INSTRUCTIONS TO FOLLOW ▸
Skip the pictures. Transcribe the rest of the data below without changing a word.

GIVEN DATA ▸
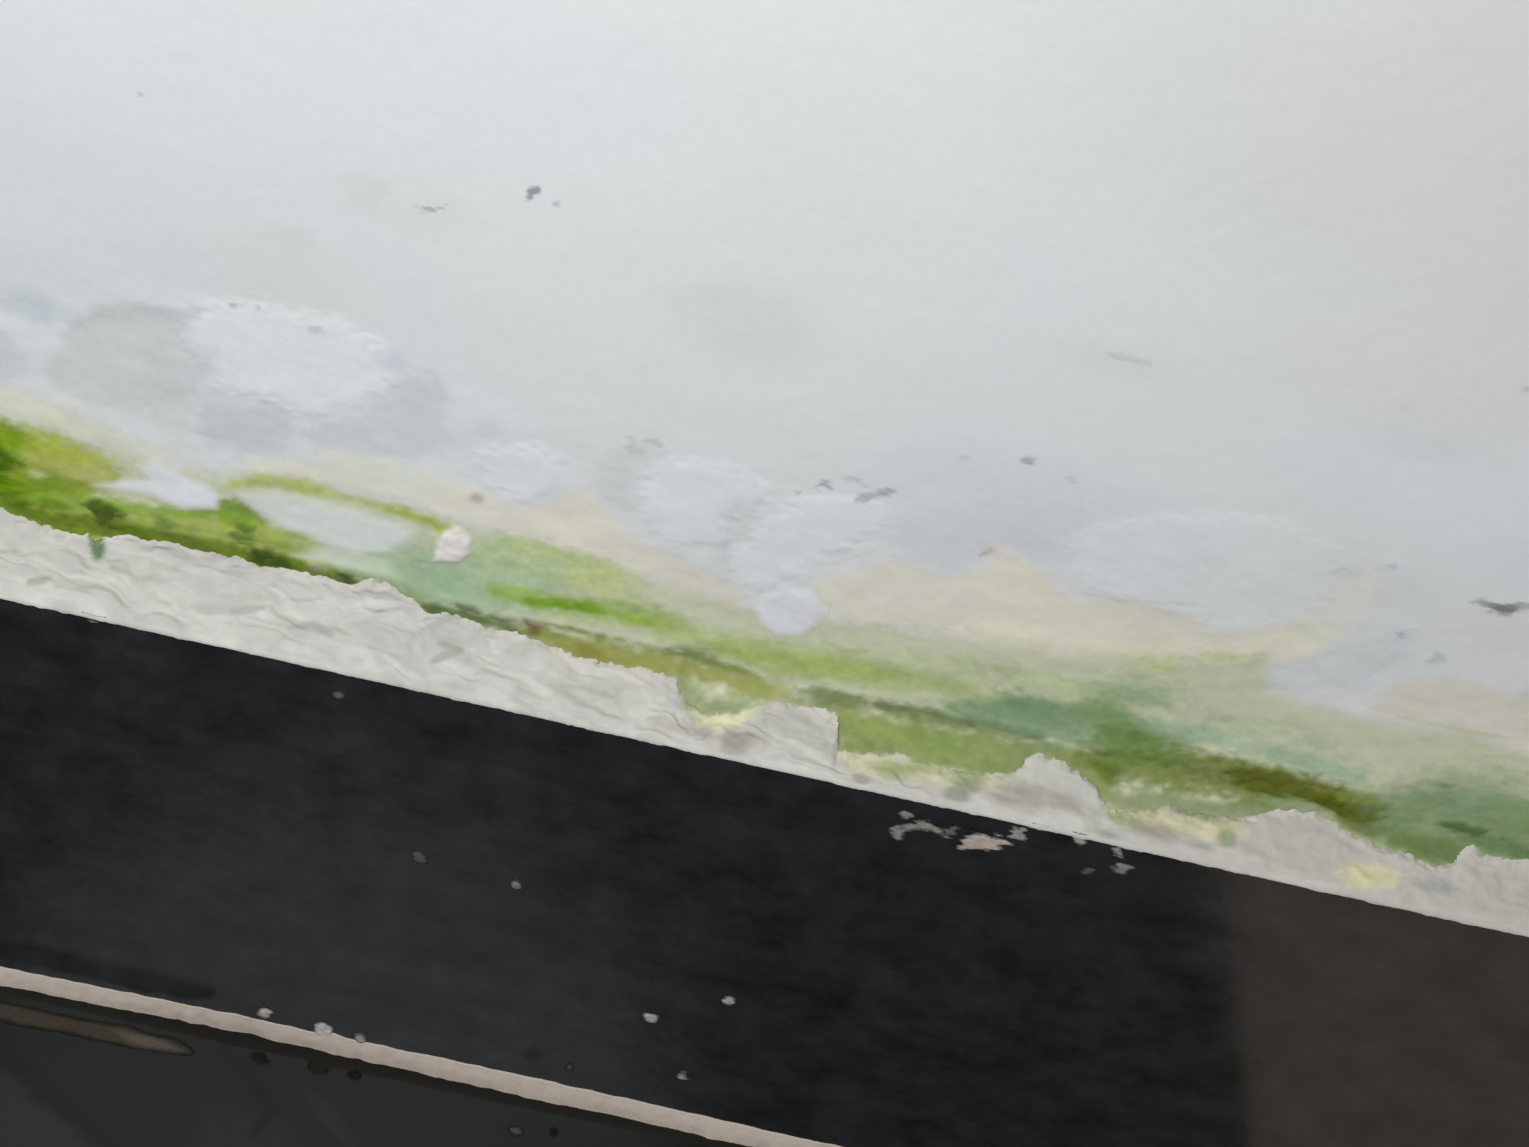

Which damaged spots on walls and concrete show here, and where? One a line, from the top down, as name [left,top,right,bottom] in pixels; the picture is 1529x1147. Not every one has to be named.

leakage [0,276,519,534]
leakage [585,426,672,524]
leakage [0,487,269,568]
leakage [492,530,619,567]
leakage [699,491,780,573]
peeling [751,584,831,639]
leakage [449,577,1077,729]
spalling [644,711,772,758]
leakage [1143,706,1378,781]
spalling [937,773,1215,854]
leakage [1107,783,1341,822]
leakage [1373,824,1529,866]

THE ANSWER ▸
Which damaged spots on walls and concrete show here, and where? One a line, from the top down, as name [left,top,right,bottom] in pixels; the picture is 1529x1147. Not every one has to be named.

leakage [0,276,519,534]
leakage [585,426,672,524]
leakage [0,487,269,568]
leakage [492,530,619,567]
leakage [699,491,780,573]
peeling [751,584,831,639]
leakage [449,577,1077,729]
spalling [644,711,772,758]
leakage [1143,706,1378,781]
spalling [937,773,1215,854]
leakage [1107,783,1341,822]
leakage [1373,824,1529,866]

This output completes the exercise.